There were a number of adventures we went on in the name "research", mostly his, but sometimes jointly with my work. He showed me the USGS method for making discharge measurements had some flaws that could bias the measurement, but the method is basically sound as a common standard method. But it was Winberry Creek he had his best moment of surprise for me.
In his water resources class Jack taught about collecting, computing and producing streamflow data. But until we became friends he couldn't show how the field work was done by the USGS. One fall day I was at this gage and was just enjoying the quiet warm morning. The day was scheduled to service this gage and later the Fall Creek near Lowell gage, the other inflow into Fall Creek Reservoir. The following day was the reservoir gage and the Fall Creek below the reservoir gage.

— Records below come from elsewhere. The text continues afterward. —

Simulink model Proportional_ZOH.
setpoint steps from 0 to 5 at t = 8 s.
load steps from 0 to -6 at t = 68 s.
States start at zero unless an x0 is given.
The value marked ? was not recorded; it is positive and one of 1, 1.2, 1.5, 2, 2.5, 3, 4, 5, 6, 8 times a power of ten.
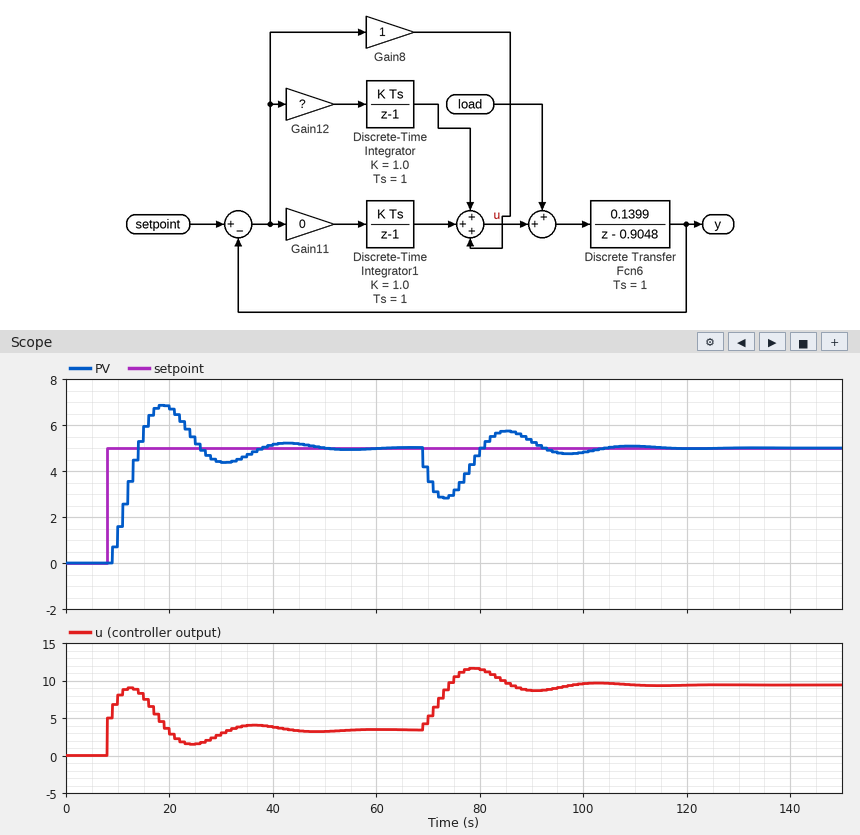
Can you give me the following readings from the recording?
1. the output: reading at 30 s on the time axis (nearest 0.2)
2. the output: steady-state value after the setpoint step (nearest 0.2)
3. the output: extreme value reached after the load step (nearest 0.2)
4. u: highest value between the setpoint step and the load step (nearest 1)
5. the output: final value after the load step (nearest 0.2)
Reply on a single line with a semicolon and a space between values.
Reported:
4.4; 5.0; 2.8; 9; 5.0
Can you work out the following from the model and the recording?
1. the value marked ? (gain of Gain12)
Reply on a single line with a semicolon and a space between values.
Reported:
0.5
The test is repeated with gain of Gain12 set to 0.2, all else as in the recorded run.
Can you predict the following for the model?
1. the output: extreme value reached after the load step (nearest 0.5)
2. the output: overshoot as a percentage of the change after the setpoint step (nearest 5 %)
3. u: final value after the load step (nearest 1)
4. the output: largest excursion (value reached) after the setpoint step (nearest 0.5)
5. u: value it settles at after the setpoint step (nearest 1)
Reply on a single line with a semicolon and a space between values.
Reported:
2.5; 10 %; 9; 5.5; 3
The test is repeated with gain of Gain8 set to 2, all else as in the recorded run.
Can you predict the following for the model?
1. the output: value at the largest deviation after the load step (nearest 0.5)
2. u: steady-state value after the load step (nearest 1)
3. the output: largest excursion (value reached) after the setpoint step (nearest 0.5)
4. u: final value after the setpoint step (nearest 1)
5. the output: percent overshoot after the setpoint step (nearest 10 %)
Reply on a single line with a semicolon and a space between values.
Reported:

I was in the gage house when I heard the sound of a bus. It seemed odd as there were only a few houses past the gage and the road dead-ended about a mile later. The sound of the bus stopped right at the gage. I stepped out to see why, and after the doors of the bus opened Jack stepped out. He had brought his whole class to see a streamgage and for me to show them streamgaging.
"Yippee" wasn't my first thought. But Jack had an infectuous spirit and smile, and it wasn't hard to enjoy a morning teaching 30 freshman-sophomore students about streamflow gages and streamgaging. I learned later that he called the office (I had told him the week before I would be on my field trip that week) to see where I was and get permission to interrupt my work. My boss thought it was cool, laughed and said, "Go ahead."
On another field trip, on my time, we took the class to the road end and walked the creek looking at the hydrology and biology of the creek. I don't know what the students thought of the two days in the field, but for me, it was part of the enjoyment of being a streamgager. And all the office hydrology (as many hydrologists are these days) won't change the reality of being there.
I learned sometimes the most ordinary of things can bring some of the best memories.